A novel data-driven robust framework based on machine learning and knowledge graph for disease classification
Md. Saiful Islam
- 信息学院－已发表论文 
Abstract(#br)As Noncommunicable Diseases (NCDs) are affected or controlled by diverse factors such as age, regionalism, timeliness or seasonality, they are always challenging to be treated accurately, which has impacted on daily life and work of patients. Unfortunately, although a number of researchers have already made some achievements (including clinical or even computer-based) on certain diseases, current situation is eager to be improved via computer technologies such as data mining and Deep Learning. In addition, the progress of NCD research has been hampered by privacy of health and medical data.
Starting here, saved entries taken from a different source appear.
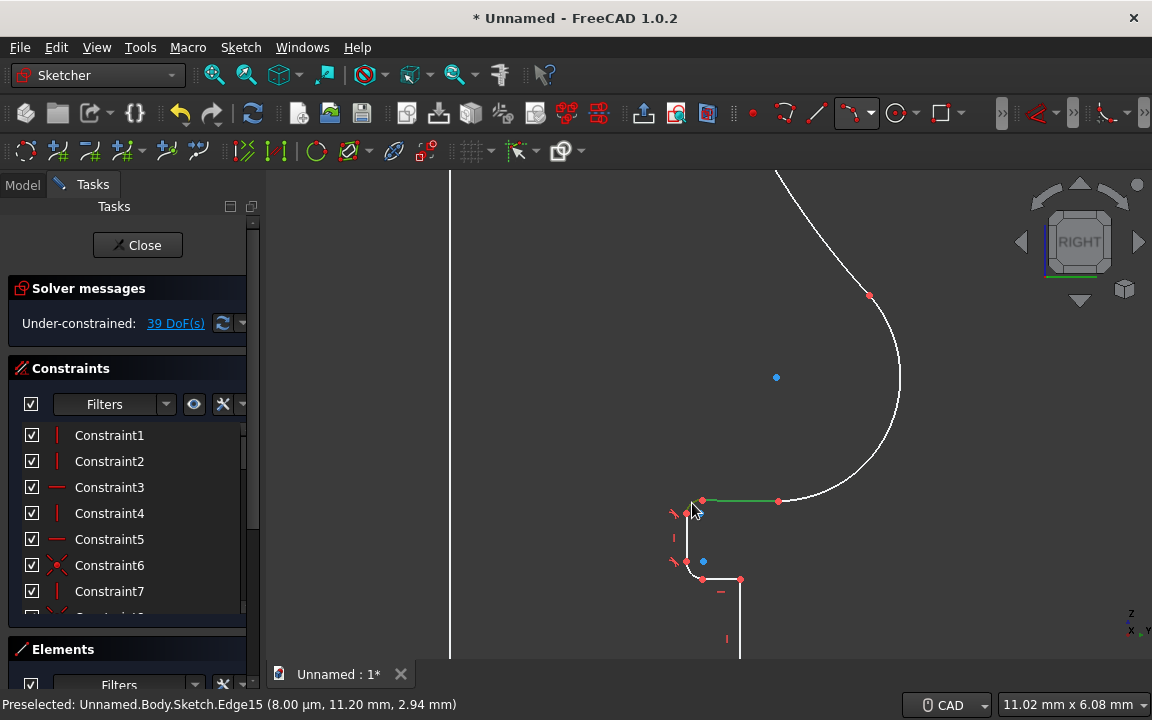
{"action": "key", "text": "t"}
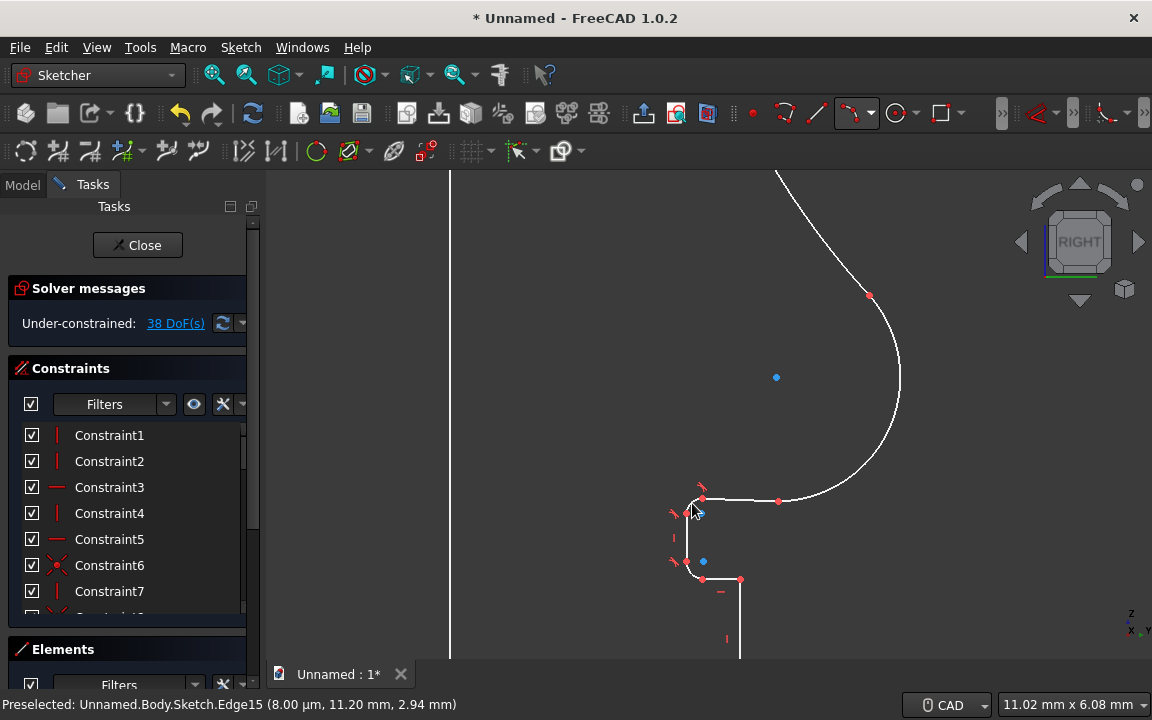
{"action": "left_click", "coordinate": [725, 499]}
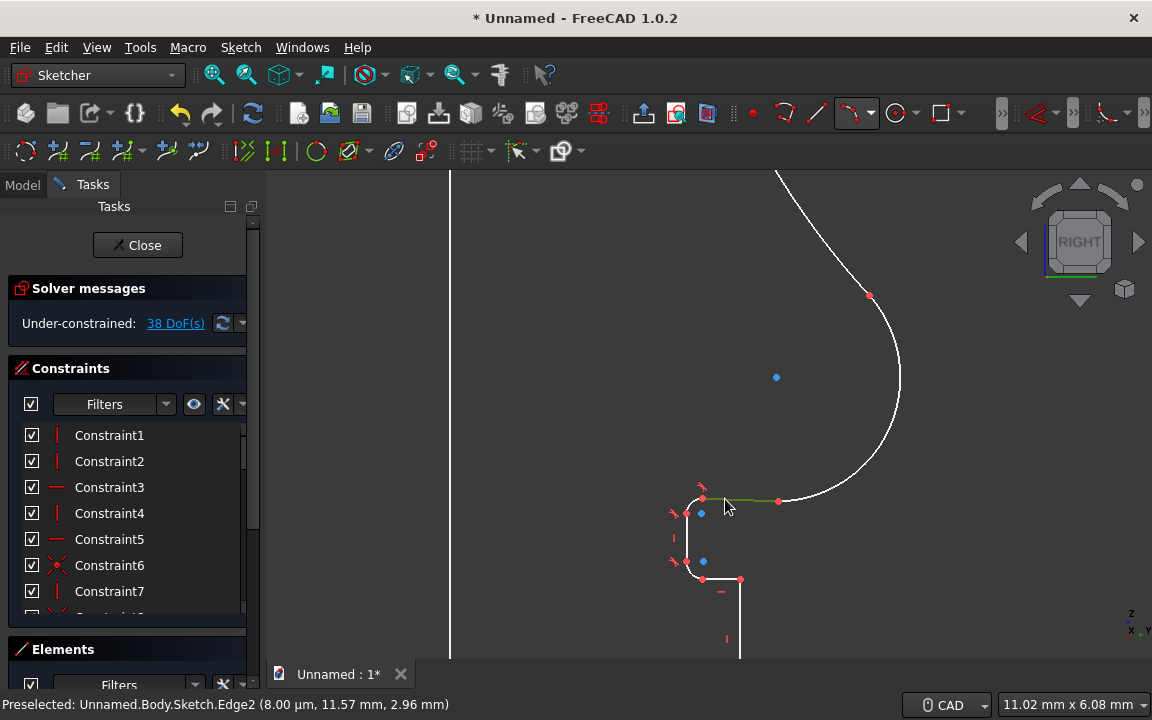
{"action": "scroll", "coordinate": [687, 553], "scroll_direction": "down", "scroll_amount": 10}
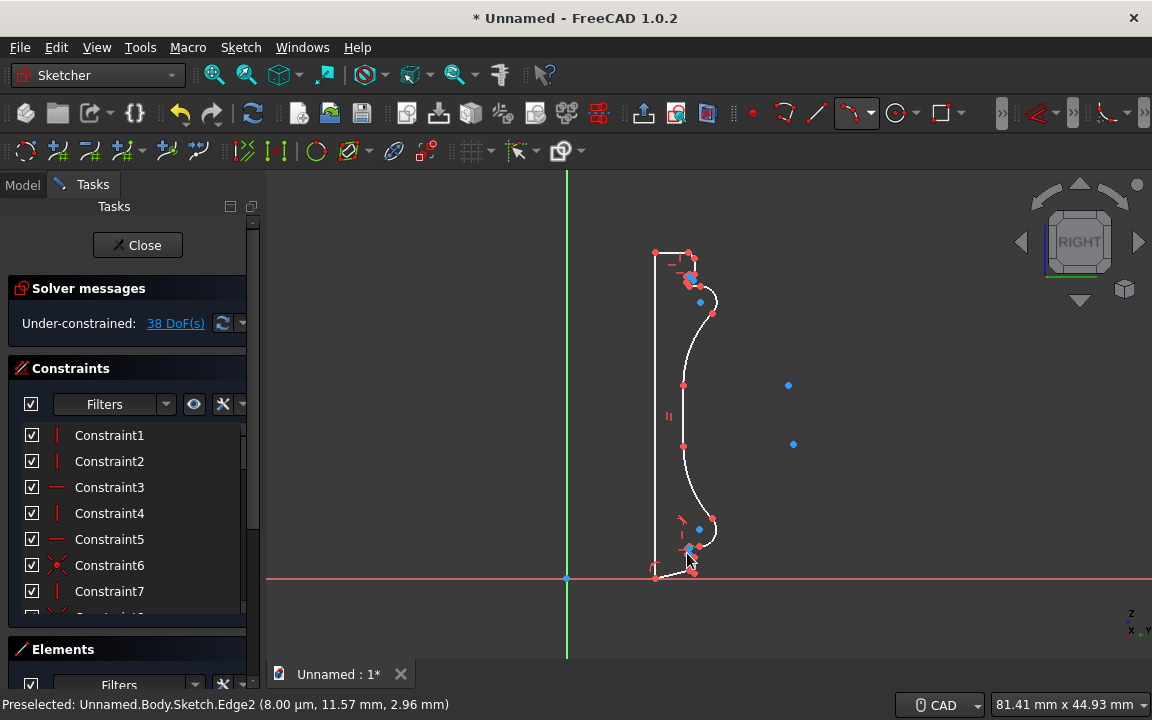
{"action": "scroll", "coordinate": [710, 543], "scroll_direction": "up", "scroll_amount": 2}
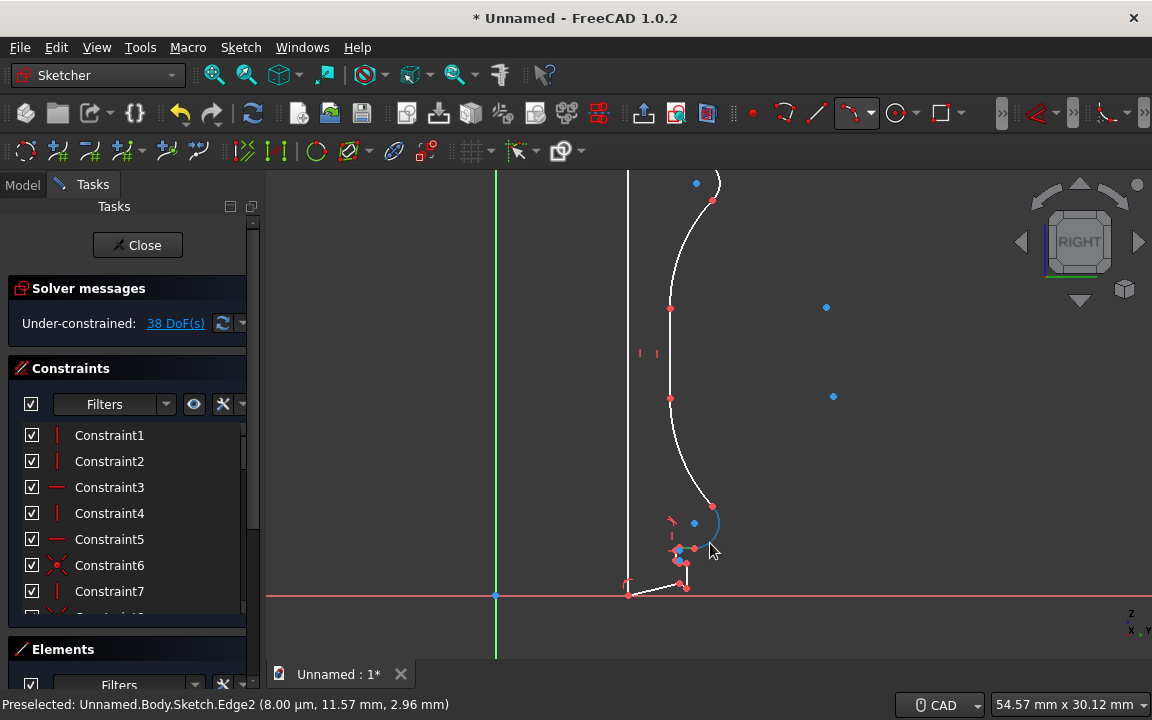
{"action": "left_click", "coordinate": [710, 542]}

In this paper, a hierarchical idea has been proposed to study the effects of various factors on diseases, and a data-driven framework named d-DC with good extensibility is presented. d-DC is able to classify the disease according to the occupation on the premise where the disease is occurring in a certain region. During collecting data, we used a combination of personal or family medical records and traditional methods to build a data acquisition model. Not only can it realize automatic collection and replenishment of data, but it can also effectively tackle the cold start problem of the model with relatively few data effectively. The diversity of information gathering includes structured data and unstructured data (such as plain texts, images or videos), which contributes to improve the classification accuracy and new knowledge acquisition. Apart from adopting machine learning methods, d-DC has employed knowledge graph (KG) to classify diseases for the first time. The vectorization of medical texts by using knowledge embedding is a novel consideration in the classification of diseases. When results are singular, the medical expert system was proposed to address inconsistencies through knowledge bases or online experts. The results of d-DC are displayed by using a combination of KG and traditional methods, which intuitively provides a reasonable interpretation to the results (highly descriptive). Experiments show that d-DC achieved the improved accuracy than the other previous methods. Especially, a fusion method called RKRE based on both ResNet and the expert system attained an average correct proportion of 86.95%, which is a good feasibility study in the field of disease classification.